“Make yourself important,” he always said to me with exasperation.
I couldn’t at the time, but his words never left me. I had only just begun to realize that me and my life mattered. That my wants and needs mattered, and I was allowed to take up space. But I didn’t know how to do it, and it didn’t feel safe.
“Make yourself important” has reverberated in my cells ever since, and I’ve finally begun living in alignment with its sentiment.
My wants and needs are important.
My standards are relevant.
My boundaries deserve respect.
I’m worthy of real consideration for who I am, not just how I fit into other people’s desires.
Others can love and value us, but it holds far less weight when we don’t love and value ourselves. No one else can build our sense of worth and deservingness but us. No one can set our standards or boundaries for love, care, or connection. No one can say what’s most important to our lives and well-being.
I still hear his voice in my head, a steady and commanding whisper that’s never left.
“Make yourself important.”
And so I do.
I make myself and my wants and needs matter. I set clearer boundaries. I hold higher standards.
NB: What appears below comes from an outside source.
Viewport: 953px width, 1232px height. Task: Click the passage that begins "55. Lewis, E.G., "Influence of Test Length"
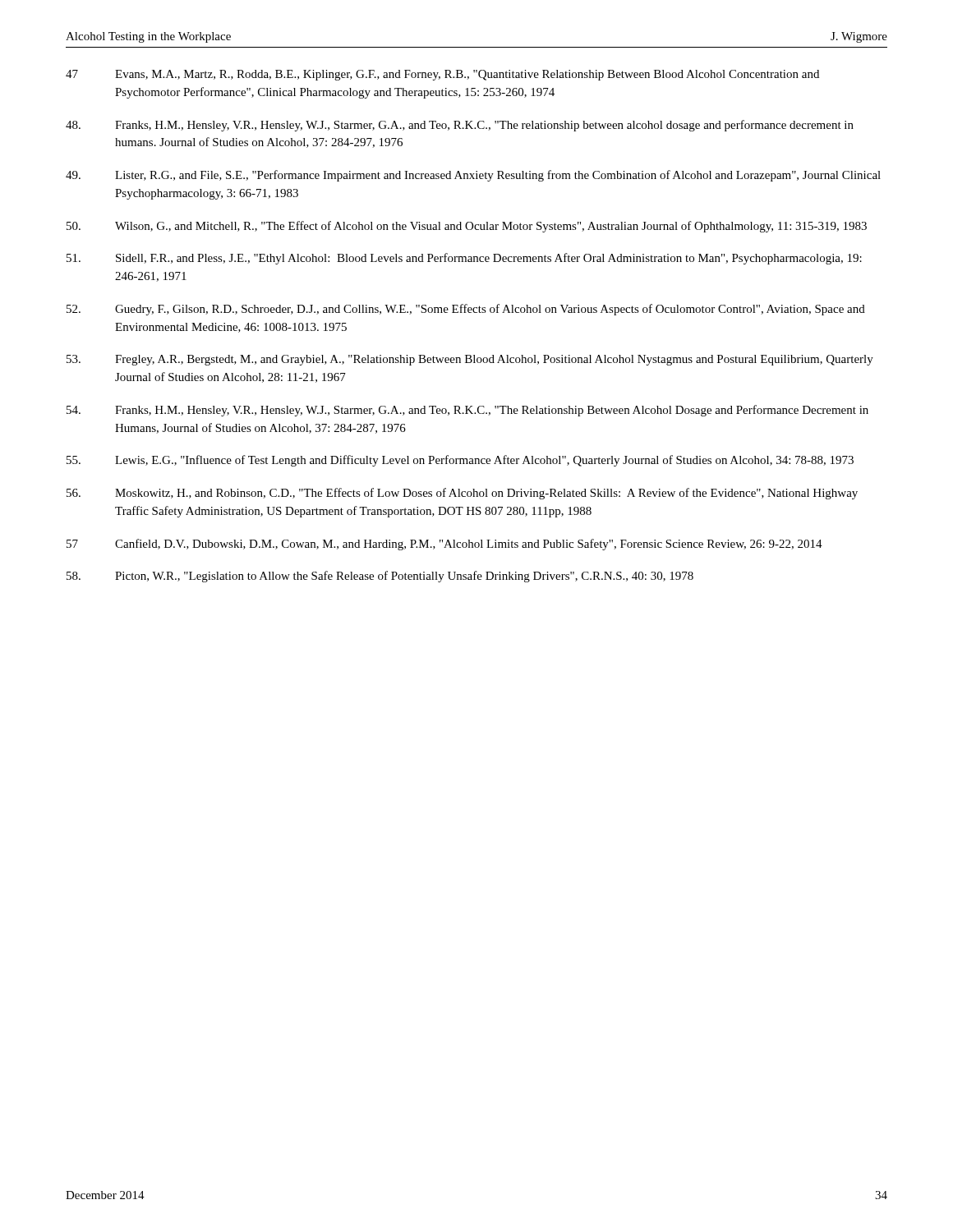pos(476,461)

I take up more and more space.
But it’s a continuous practice, and I know I’m not the only one who learned to be small as a way to stay safe from trauma and abuse. Who made myself palatable to earn a false sense of safety, security, love, and belonging.
So to my feller shrinkers, let me pay it forward and say: make yourself important.
Because you are.
Your life, your wants, and your needs matter.
You deserve to take up space.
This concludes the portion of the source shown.